A US e-commerce SaaS platform serving thousands of online merchants needed to migrate its core infrastructure to cloud — without a minute of downtime for sellers managing live inventory across Amazon, eBay, Shopify, and Walmart Marketplace.

Cloud Migration Backend APIs Data Pipelines AI Repricing Zero Downtime

The situation

A US e-commerce operations SaaS platform — used by thousands of online merchants to automate their listing management, dynamic pricing, inventory sync, and order fulfillment across multiple sales channels — had outgrown its original on-premise infrastructure. The platform needed to migrate its core backend to AWS to handle growing seller volume, support new marketplace integrations, and sustain performance during peak commercial events.

The migration constraint was absolute. This was a revenue-critical system where any service interruption would cascade directly into seller losses: missed inventory windows, dropped order syncs, stale pricing during high-traffic events. Merchants ran their businesses on this platform 24 hours a day, seven days a week. A conventional big-bang migration cutover was not an option.

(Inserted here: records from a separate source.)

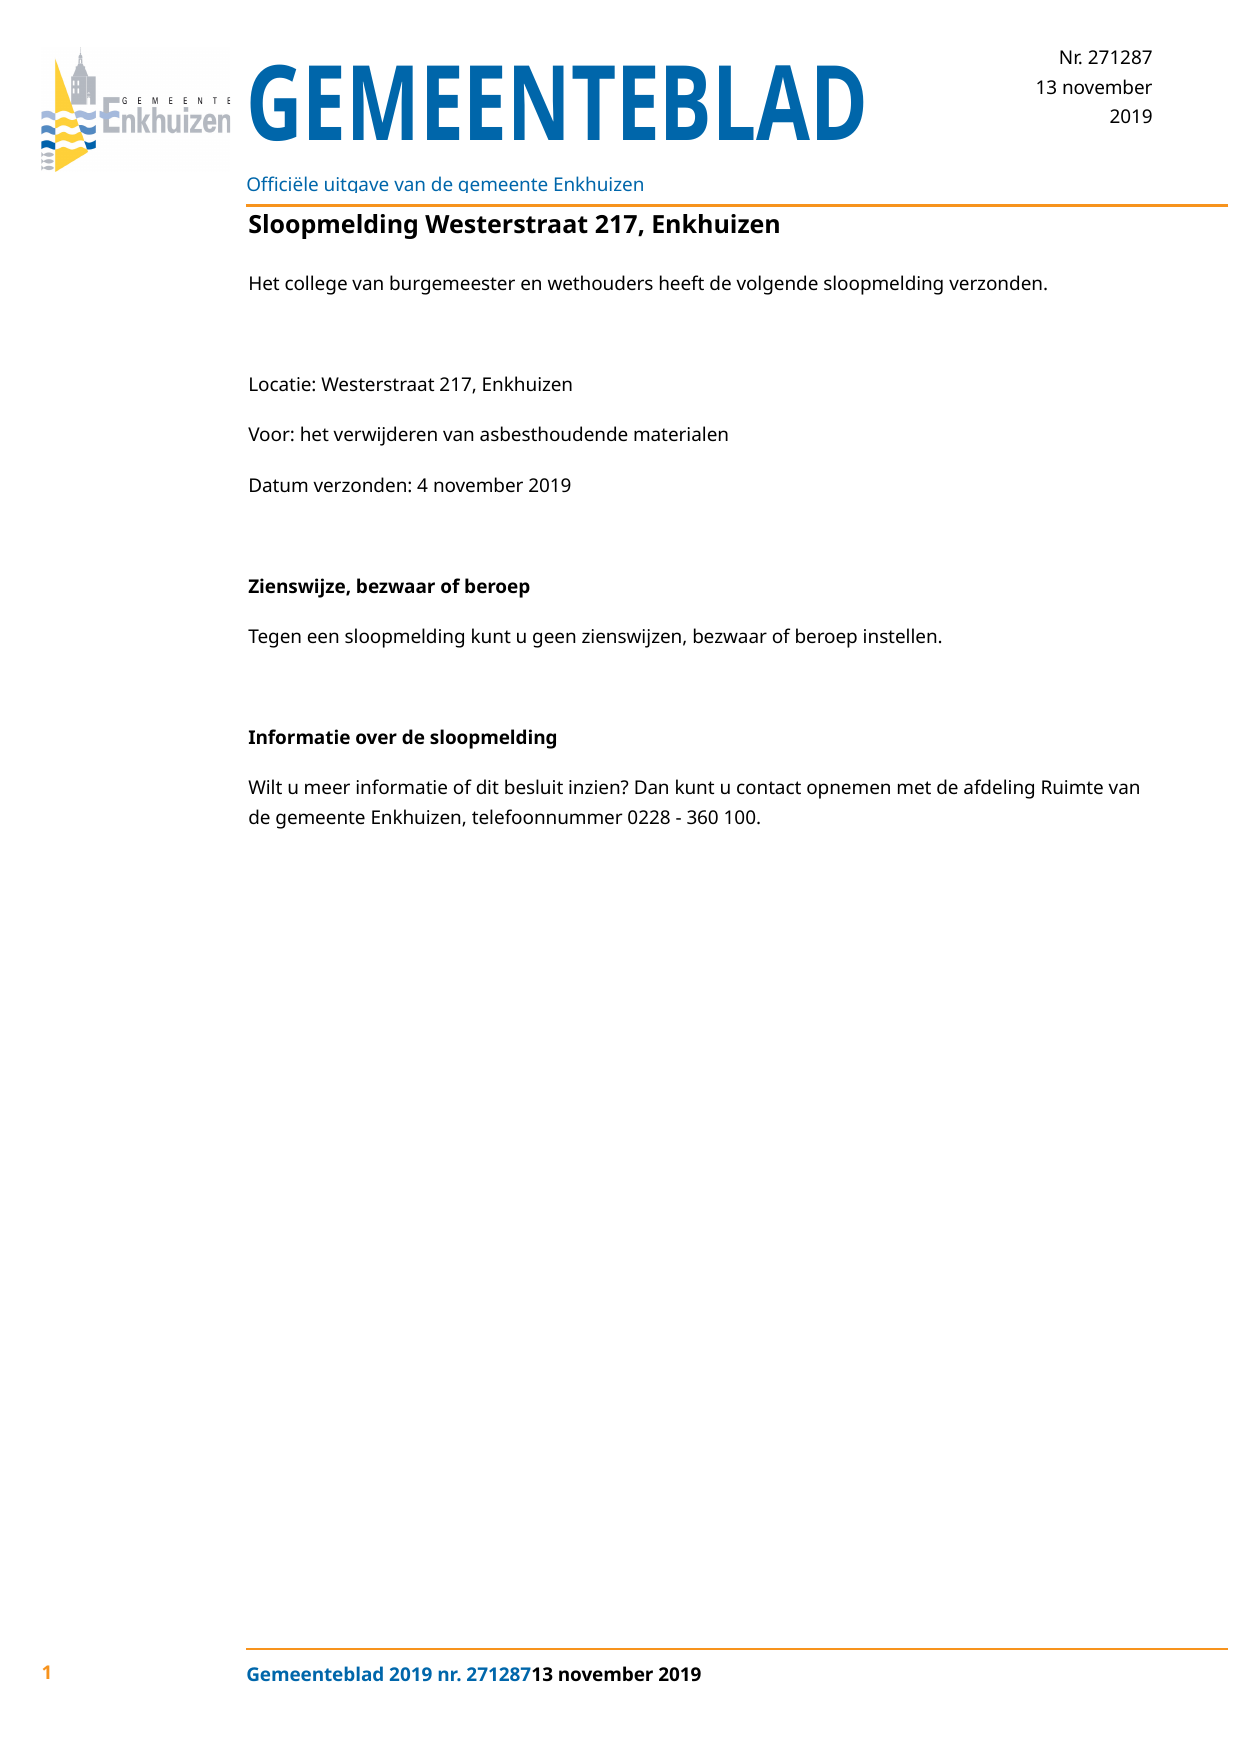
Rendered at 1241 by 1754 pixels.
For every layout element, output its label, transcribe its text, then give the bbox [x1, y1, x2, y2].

text Tegen een sloopmelding kunt u geen zienswijzen, bezwaar of beroep instellen. [248, 623, 1152, 649]
text Zienswijze, bezwaar of beroep [248, 573, 1152, 598]
text Het college van burgemeester en wethouders heeft de volgende sloopmelding verzonden. [248, 270, 1152, 296]
text Sloopmelding Westerstraat 217, Enkhuizen [248, 207, 1152, 241]
text Informatie over de sloopmelding [248, 724, 1152, 750]
text Voor: het verwijderen van asbesthoudende materialen [248, 422, 1152, 447]
text Wilt u meer informatie of dit besluit inzien? Dan kunt u contact opnemen met de afdeling Ruimte van de gemeente Enkhuizen, telefoonnummer 0228 - 360 100. [248, 774, 1152, 830]
picture [41, 47, 231, 172]
text Locatie: Westerstraat 217, Enkhuizen [248, 371, 1152, 397]
text Datum verzonden: 4 november 2019 [248, 472, 1152, 498]
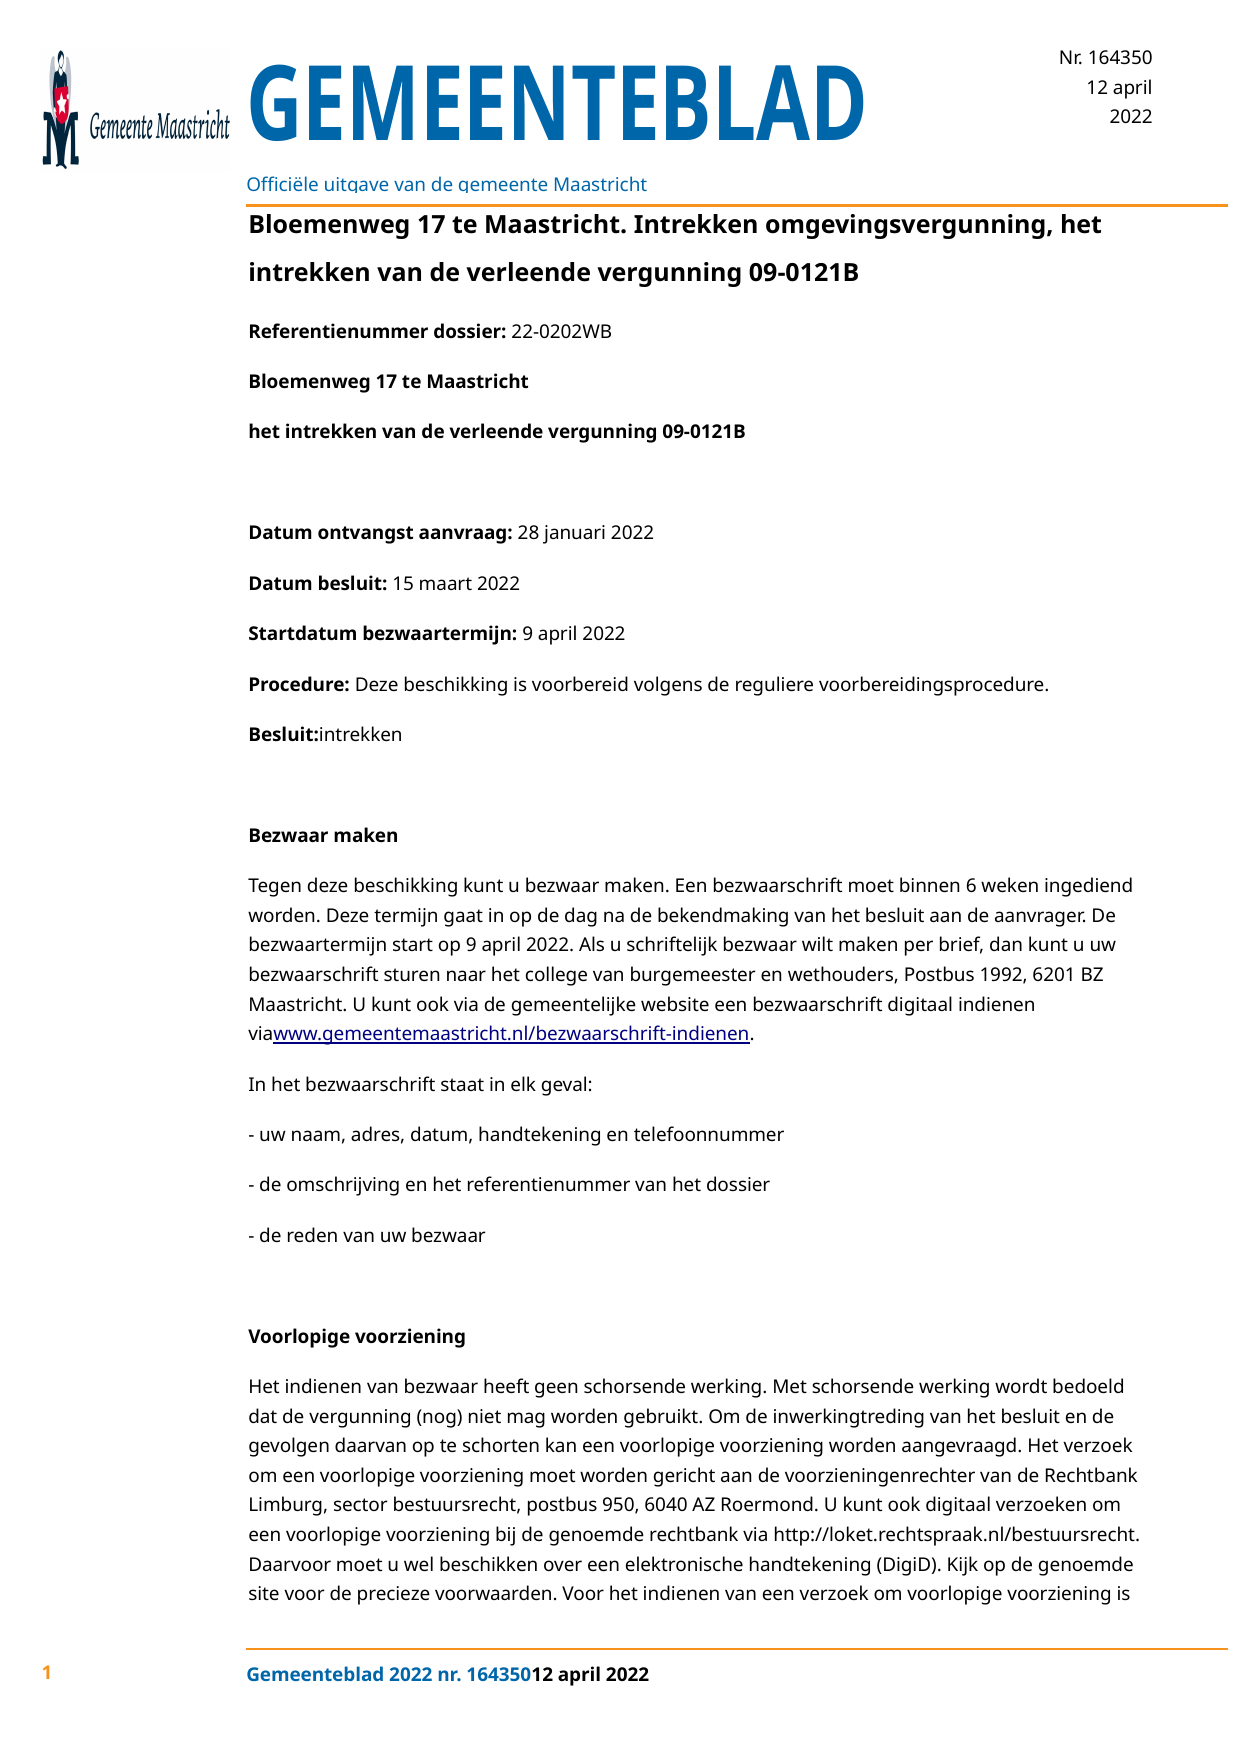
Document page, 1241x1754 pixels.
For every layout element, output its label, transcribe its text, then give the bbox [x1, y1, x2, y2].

A second challenge ran in parallel. The platform needed to expand its marketplace integration layer — adding Walmart Marketplace alongside existing Amazon Seller Central, eBay, and Shopify connectors — while simultaneously rebuilding the underlying infrastructure beneath them. The new services had to be developed, tested against production traffic patterns, and deployed without touching any live seller data until full validation was complete.

What we built

  • Full cloud migration of core platform services (on-premise → AWS ECS) using a blue-green deployment strategy — old and new environments ran in parallel throughout, with instant rollback capability at every traffic-shift stage
  • New marketplace integration services covering the complete seller workflow: listing creation and sync, competitive repricing triggers, inventory reservation, order ingestion, fulfillment routing, and post-sale status propagation
  • AI-powered dynamic repricing engine: a Python ML pipeline that adjusts listing prices in real time based on competitor pricing feeds, demand signals, margin floor rules, and marketplace-specific fee structures — replacing hours of manual repricing with automated sub-minute response cycles
  • Idempotent data migration jobs with exactly-once guarantees across all seller records — open orders, active listings, and pending fulfillments migrated live with integrity verification at every step
  • API integrations across Amazon Seller Central, eBay, Shopify, Walmart Marketplace, and downstream fulfillment providers — handling auth token rotation, rate-limit backoff, retry logic, and marketplace-specific event lifecycle edge cases
  • Real-time SLA observability dashboards (CloudWatch) giving the operations team visibility into per-marketplace sync latency, error rates, and seller-facing uptime throughout the migration window and beyond

Why zero downtime required staged architecture

The primary migration risk wasn't the infrastructure itself — it was the live marketplace session state. Each platform integration maintained active OAuth tokens, webhook subscriptions, and in-flight API cursors. A naive cutover would have invalidated all of them simultaneously, dropping every active listing sync and order notification mid-stream. We rebuilt each integration layer in the new environment first, validated it against production-equivalent traffic in shadow mode, then shifted load incrementally — 5%, 20%, 50%, 100% — with automatic rollback triggers at each threshold.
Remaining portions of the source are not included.